HOW MACHINE LEARNING WILL DELIVER YOU BETTER CUSTOMERS
First we are not talking about Skynet in Terminator or HAL in 2001: A Space Odyssey, Machine Learning is where we want a machine to learn from the huge amounts of data we give it, and then apply that knowledge on new pieces of data that streams into the system.
Machine Learning can be seen as a subset of AI (Artificial Learning) and defines the process by which a machine can learn by its own without being explicitly programmed, and that’s the key it delivers insight of its own accord.
Machine learning will help us finally realise the promises of how to optimise and develop truly engaging and effective customer experiences. However very few companies believe they have the necessary technology or that implementing it is easy. But the technology is only the start and today it doesn’t represent the challenges it used, however the company or brand needs to re-orientate the business to the customer.
By doing this and implementing machine learning that focuses on the customer journey, brands can start to redefine the customer experience through data insight inexpensively.
Taking multiple data sources including transactional machine learning models can begin to specifically tailor and personalise the customers journey using machine learning algorithms. Whether it’s a motor retailer looking to identify the moment when a customer will be seeking to change their car or an insurer looking to identify those customers least likely to commit fraud to speed settlements up. These companies are successfully harnessing machine learning to deliver higher sales, more efficient service and most importantly higher customer loyalty, through more effective on-boarding and retention.

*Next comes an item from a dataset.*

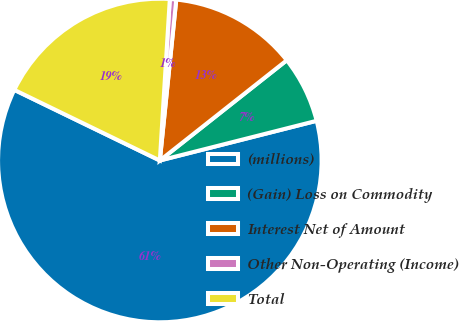Convert chart. <chart><loc_0><loc_0><loc_500><loc_500><pie_chart><fcel>(millions)<fcel>(Gain) Loss on Commodity<fcel>Interest Net of Amount<fcel>Other Non-Operating (Income)<fcel>Total<nl><fcel>61.14%<fcel>6.69%<fcel>12.74%<fcel>0.64%<fcel>18.79%<nl></chart>

WE ARE SEEING COMPANIES BEGINNING TO SUCCESSFULLY HARNESS THE POWER OF MACHINE LEARNING AND SEE RESULTS IN HIGHER SALES AND GREATER CUSTOMER ENGAGEMENT
Using machine learning we can identify customers and tailor their journeys to deliver the right products at the right time, making engagement and the customer journey more relevant. Through algorithms we can understand prediction problems, propensity modelling, classification and regression problems, and more to effectively target communications at the moment in time when a customer is the most receptable to communications and messaging, to effect choice, selection and purchase. Through technology we have been able to identify predictive ways that customers spend and what they are likely to buy.

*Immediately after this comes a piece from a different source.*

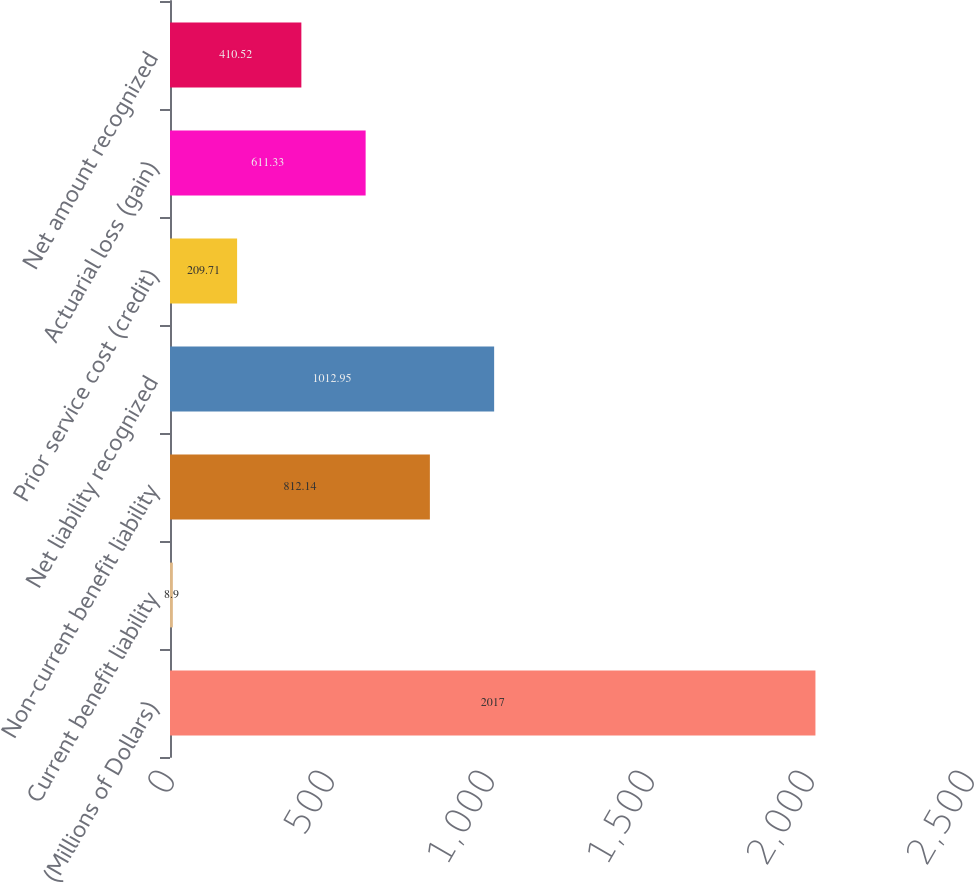Convert chart. <chart><loc_0><loc_0><loc_500><loc_500><bar_chart><fcel>(Millions of Dollars)<fcel>Current benefit liability<fcel>Non-current benefit liability<fcel>Net liability recognized<fcel>Prior service cost (credit)<fcel>Actuarial loss (gain)<fcel>Net amount recognized<nl><fcel>2017<fcel>8.9<fcel>812.14<fcel>1012.95<fcel>209.71<fcel>611.33<fcel>410.52<nl></chart>

Through using data derived from customer interactions with a brand, machine learning can go far beyond the scope of human analysis, driving deep insight into the feelings, needs and desires of the customer. As customer touchpoints continue to grow at speed, creating more and more data we need to develop solutions that can cost effectively generate models to answer this. Customer experiences used to involve only a few hard to track touchpoints such press ads, store visits and direct mail, these have grown exponentially in the last few years to include mobile apps, call centres, social media and instore tracking. This growth will continue as wearable tech and the internet of things becomes a reality creating yet more data sets that can be tracked to a customer’s engagement.
Because todays consumers no longer follow the linear journeys they once did, accessing and using this data will be fundamental to the success of a brand and the business. Without finding ways to cost effectively reach these customers with targeted, personalised and relevant activity they will be lost to the competitor that does.
AS TECHNOLOGY ADVANCES, AS DOES THE NUMBER OF TOUCHPOINTS AND THE AMOUNT OF DATA CLIENTS HOLD
Preparing for the journey
Using machine learning to drive insight from a customer’s engagement should include:
Push existing customer data sets into a data processing refinery, to begin the process of understanding your customers and the data you hold – the start of a single customer view. If you are lacking data, develop a strategy to acquire it, such as data capture exercises through existing digital touchpoints.
Understand the customer journey and their touchpoints – how can this be improved, where are the customer drop offs or the cross-sell opportunity.
Match what the data is telling you with the business goals and objectives, has it highlighted new challenges or opportunities for customer growth?
Apply machine learning to the data to begin developing algorithms and data models that will start to drive change in the way customers are engaged with
Identify the shortcomings of the data and where models can be improved or the customer journey adapted
Develop a test and learn strategy from the customer sets that have been produced through the data processing exercise and initial machine learning models.
Machine learning represents an exciting opportunity for brands to finally and cost effectively begin to drive their customer engagement strategy with real insight. Even a few years ago many of the aspects of ML would have been beyond a normal business without the recruitment of an in house team to pour over and analyse the data it holds, now we have clients gaining insight on millions of records in weeks and under realistic budgets.
Machine learning in customer insight still has room for improvement, but it is something that all businesses should be looking at and making plans to include in their future engagement strategies.